* **Records shown**
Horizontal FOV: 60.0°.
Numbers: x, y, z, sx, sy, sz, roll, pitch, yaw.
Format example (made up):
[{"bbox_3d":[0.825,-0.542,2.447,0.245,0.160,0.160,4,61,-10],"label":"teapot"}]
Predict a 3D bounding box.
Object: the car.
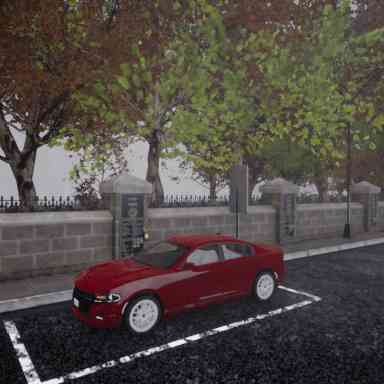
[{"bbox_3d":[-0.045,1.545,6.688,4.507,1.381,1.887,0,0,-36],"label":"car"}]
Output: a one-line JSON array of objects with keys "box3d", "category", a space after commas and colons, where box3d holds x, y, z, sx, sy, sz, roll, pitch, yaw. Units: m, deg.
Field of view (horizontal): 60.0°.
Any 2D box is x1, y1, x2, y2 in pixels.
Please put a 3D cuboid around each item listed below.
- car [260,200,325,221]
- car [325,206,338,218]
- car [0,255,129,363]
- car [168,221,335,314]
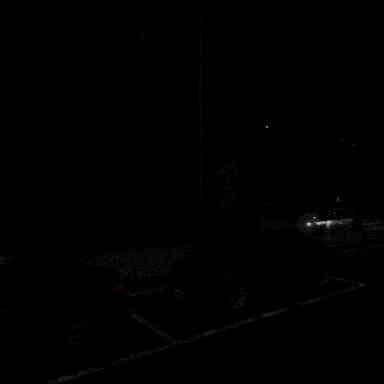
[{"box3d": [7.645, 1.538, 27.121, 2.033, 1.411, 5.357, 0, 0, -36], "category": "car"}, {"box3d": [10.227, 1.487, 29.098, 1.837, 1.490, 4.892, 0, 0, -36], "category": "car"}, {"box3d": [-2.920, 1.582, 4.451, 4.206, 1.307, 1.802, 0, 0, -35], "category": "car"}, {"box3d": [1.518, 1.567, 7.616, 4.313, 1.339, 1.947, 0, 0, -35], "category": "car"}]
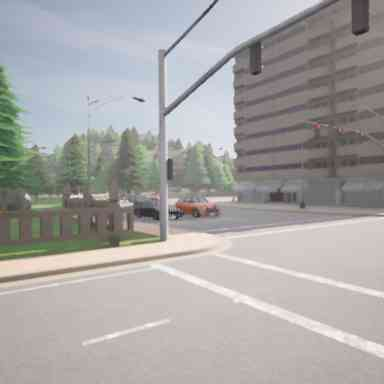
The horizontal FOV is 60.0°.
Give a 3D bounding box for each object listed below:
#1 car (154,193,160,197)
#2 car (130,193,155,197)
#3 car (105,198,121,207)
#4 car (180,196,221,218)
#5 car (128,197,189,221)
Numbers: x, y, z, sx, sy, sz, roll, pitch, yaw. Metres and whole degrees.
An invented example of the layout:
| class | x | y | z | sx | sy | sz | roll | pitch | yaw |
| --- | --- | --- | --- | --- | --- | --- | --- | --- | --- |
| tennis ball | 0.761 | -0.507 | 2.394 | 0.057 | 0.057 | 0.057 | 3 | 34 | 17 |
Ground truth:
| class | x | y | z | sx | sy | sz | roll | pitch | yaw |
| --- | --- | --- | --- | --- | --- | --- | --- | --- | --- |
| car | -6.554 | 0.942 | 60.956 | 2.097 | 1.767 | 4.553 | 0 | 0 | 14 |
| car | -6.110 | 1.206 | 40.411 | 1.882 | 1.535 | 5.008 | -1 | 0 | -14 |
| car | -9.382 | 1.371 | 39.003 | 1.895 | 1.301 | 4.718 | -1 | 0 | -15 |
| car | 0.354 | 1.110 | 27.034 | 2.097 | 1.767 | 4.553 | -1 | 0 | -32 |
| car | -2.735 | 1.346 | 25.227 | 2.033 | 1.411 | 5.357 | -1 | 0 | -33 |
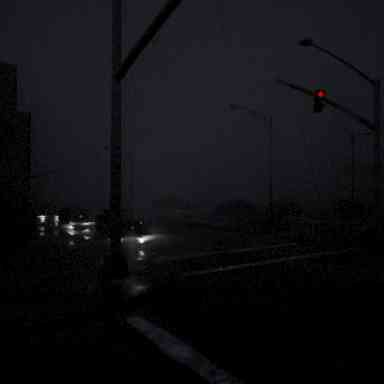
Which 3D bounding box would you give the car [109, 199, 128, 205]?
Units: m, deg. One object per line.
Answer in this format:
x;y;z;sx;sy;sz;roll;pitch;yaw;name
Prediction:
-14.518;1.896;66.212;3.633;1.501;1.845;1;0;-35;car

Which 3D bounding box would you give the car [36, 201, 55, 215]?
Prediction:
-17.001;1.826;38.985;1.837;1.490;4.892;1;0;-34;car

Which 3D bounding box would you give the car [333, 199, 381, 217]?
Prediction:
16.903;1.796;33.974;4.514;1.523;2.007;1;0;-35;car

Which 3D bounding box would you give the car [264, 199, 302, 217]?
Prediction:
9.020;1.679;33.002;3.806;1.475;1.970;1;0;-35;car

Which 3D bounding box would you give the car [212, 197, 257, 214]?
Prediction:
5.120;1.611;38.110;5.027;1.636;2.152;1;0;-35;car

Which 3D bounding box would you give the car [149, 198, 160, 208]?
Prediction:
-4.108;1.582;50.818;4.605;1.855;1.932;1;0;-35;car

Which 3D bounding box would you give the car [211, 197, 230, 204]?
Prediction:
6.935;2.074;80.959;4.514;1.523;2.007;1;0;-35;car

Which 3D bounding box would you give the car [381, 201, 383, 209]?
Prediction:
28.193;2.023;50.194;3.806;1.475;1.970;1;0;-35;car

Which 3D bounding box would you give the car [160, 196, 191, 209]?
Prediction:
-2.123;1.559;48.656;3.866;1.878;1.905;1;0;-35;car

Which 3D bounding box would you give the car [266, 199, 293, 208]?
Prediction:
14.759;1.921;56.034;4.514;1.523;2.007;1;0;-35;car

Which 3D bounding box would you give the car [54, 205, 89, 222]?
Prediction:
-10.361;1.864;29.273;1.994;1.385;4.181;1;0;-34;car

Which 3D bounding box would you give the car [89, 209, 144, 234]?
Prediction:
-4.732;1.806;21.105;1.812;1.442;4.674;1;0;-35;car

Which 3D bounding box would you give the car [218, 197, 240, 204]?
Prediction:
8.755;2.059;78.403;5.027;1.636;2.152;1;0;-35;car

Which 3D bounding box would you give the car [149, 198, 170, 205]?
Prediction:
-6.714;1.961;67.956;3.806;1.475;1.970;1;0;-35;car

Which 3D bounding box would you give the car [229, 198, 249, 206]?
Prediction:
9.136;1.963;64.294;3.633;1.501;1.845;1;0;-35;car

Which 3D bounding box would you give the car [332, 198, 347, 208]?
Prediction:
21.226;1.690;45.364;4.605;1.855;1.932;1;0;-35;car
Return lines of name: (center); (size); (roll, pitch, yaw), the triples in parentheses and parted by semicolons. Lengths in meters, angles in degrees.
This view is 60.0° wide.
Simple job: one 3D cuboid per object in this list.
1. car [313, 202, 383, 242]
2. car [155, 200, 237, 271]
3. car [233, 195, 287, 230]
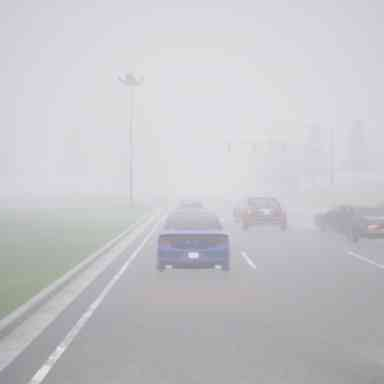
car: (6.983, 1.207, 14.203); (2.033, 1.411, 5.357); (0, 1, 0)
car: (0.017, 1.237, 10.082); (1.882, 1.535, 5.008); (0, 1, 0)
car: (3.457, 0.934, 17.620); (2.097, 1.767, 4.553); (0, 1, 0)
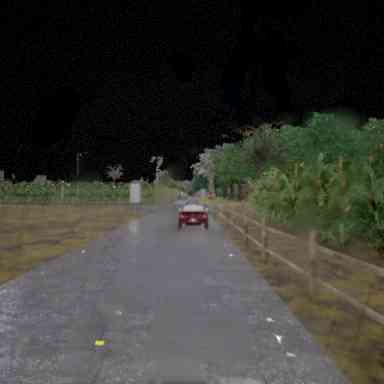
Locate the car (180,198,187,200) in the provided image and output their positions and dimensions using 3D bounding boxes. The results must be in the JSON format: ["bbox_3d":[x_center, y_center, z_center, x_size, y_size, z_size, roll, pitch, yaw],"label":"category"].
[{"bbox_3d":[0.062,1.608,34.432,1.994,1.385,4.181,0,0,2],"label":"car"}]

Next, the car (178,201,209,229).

* **Work instructions**
Would you give the data above again word for word, skipping any images?

* **Output for this task**
Horizontal FOV: 60.0°.
Numbers: x, y, z, sx, sy, sz, roll, pitch, yaw.
Format example (made up):
[{"bbox_3d":[0.825,-0.542,2.447,0.245,0.160,0.160,4,61,-10],"label":"teapot"}]
Predict a 3D bounding box.
Object: the car.
[{"bbox_3d":[-0.045,1.545,6.688,4.507,1.381,1.887,0,0,-36],"label":"car"}]
Output: a one-line JSON array of objects with keys "box3d", "category", a space after commas and colons, where box3d holds x, y, z, sx, sy, sz, roll, pitch, yaw. Units: m, deg.
Field of view (horizontal): 60.0°.
Any 2D box is x1, y1, x2, y2 in pixels.
Please put a 3D cuboid around each item listed below.
- car [260,200,325,221]
- car [325,206,338,218]
- car [0,255,129,363]
- car [168,221,335,314]
[{"box3d": [7.645, 1.538, 27.121, 2.033, 1.411, 5.357, 0, 0, -36], "category": "car"}, {"box3d": [10.227, 1.487, 29.098, 1.837, 1.490, 4.892, 0, 0, -36], "category": "car"}, {"box3d": [-2.920, 1.582, 4.451, 4.206, 1.307, 1.802, 0, 0, -35], "category": "car"}, {"box3d": [1.518, 1.567, 7.616, 4.313, 1.339, 1.947, 0, 0, -35], "category": "car"}]
The horizontal FOV is 60.0°.
Give a 3D bounding box for each object listed below:
#1 car (154,193,160,197)
#2 car (130,193,155,197)
#3 car (105,198,121,207)
#4 car (180,196,221,218)
#5 car (128,197,189,221)
Numbers: x, y, z, sx, sy, sz, roll, pitch, yaw. Metres and whole degrees.
An invented example of the layout:
| class | x | y | z | sx | sy | sz | roll | pitch | yaw |
| --- | --- | --- | --- | --- | --- | --- | --- | --- | --- |
| tennis ball | 0.761 | -0.507 | 2.394 | 0.057 | 0.057 | 0.057 | 3 | 34 | 17 |
Ground truth:
| class | x | y | z | sx | sy | sz | roll | pitch | yaw |
| --- | --- | --- | --- | --- | --- | --- | --- | --- | --- |
| car | -6.554 | 0.942 | 60.956 | 2.097 | 1.767 | 4.553 | 0 | 0 | 14 |
| car | -6.110 | 1.206 | 40.411 | 1.882 | 1.535 | 5.008 | -1 | 0 | -14 |
| car | -9.382 | 1.371 | 39.003 | 1.895 | 1.301 | 4.718 | -1 | 0 | -15 |
| car | 0.354 | 1.110 | 27.034 | 2.097 | 1.767 | 4.553 | -1 | 0 | -32 |
| car | -2.735 | 1.346 | 25.227 | 2.033 | 1.411 | 5.357 | -1 | 0 | -33 |
Which 3D bounding box would you give the car [109, 199, 128, 205]?
Units: m, deg. One object per line.
Answer in this format:
x;y;z;sx;sy;sz;roll;pitch;yaw;name
Prediction:
-14.518;1.896;66.212;3.633;1.501;1.845;1;0;-35;car

Which 3D bounding box would you give the car [36, 201, 55, 215]?
Prediction:
-17.001;1.826;38.985;1.837;1.490;4.892;1;0;-34;car

Which 3D bounding box would you give the car [333, 199, 381, 217]?
Prediction:
16.903;1.796;33.974;4.514;1.523;2.007;1;0;-35;car

Which 3D bounding box would you give the car [264, 199, 302, 217]?
Prediction:
9.020;1.679;33.002;3.806;1.475;1.970;1;0;-35;car

Which 3D bounding box would you give the car [212, 197, 257, 214]?
Prediction:
5.120;1.611;38.110;5.027;1.636;2.152;1;0;-35;car

Which 3D bounding box would you give the car [149, 198, 160, 208]?
Prediction:
-4.108;1.582;50.818;4.605;1.855;1.932;1;0;-35;car

Which 3D bounding box would you give the car [211, 197, 230, 204]?
Prediction:
6.935;2.074;80.959;4.514;1.523;2.007;1;0;-35;car

Which 3D bounding box would you give the car [381, 201, 383, 209]?
Prediction:
28.193;2.023;50.194;3.806;1.475;1.970;1;0;-35;car

Which 3D bounding box would you give the car [160, 196, 191, 209]?
Prediction:
-2.123;1.559;48.656;3.866;1.878;1.905;1;0;-35;car

Which 3D bounding box would you give the car [266, 199, 293, 208]?
Prediction:
14.759;1.921;56.034;4.514;1.523;2.007;1;0;-35;car

Which 3D bounding box would you give the car [54, 205, 89, 222]?
Prediction:
-10.361;1.864;29.273;1.994;1.385;4.181;1;0;-34;car

Which 3D bounding box would you give the car [89, 209, 144, 234]?
Prediction:
-4.732;1.806;21.105;1.812;1.442;4.674;1;0;-35;car

Which 3D bounding box would you give the car [218, 197, 240, 204]?
Prediction:
8.755;2.059;78.403;5.027;1.636;2.152;1;0;-35;car

Which 3D bounding box would you give the car [149, 198, 170, 205]?
Prediction:
-6.714;1.961;67.956;3.806;1.475;1.970;1;0;-35;car

Which 3D bounding box would you give the car [229, 198, 249, 206]?
Prediction:
9.136;1.963;64.294;3.633;1.501;1.845;1;0;-35;car

Which 3D bounding box would you give the car [332, 198, 347, 208]?
Prediction:
21.226;1.690;45.364;4.605;1.855;1.932;1;0;-35;car
Return lines of name: (center); (size); (roll, pitch, yaw), the triples in parentheses and parted by semicolons. Lengths in meters, angles in degrees.
This view is 60.0° wide.
Simple job: one 3D cuboid per object in this list.
1. car [313, 202, 383, 242]
2. car [155, 200, 237, 271]
3. car [233, 195, 287, 230]
car: (6.983, 1.207, 14.203); (2.033, 1.411, 5.357); (0, 1, 0)
car: (0.017, 1.237, 10.082); (1.882, 1.535, 5.008); (0, 1, 0)
car: (3.457, 0.934, 17.620); (2.097, 1.767, 4.553); (0, 1, 0)
Locate the car (180,198,187,200) in the provided image and output their positions and dimensions using 3D bounding boxes. The results must be in the JSON format: ["bbox_3d":[x_center, y_center, z_center, x_size, y_size, z_size, roll, pitch, yaw],"label":"category"].
[{"bbox_3d":[0.062,1.608,34.432,1.994,1.385,4.181,0,0,2],"label":"car"}]

Next, the car (178,201,209,229).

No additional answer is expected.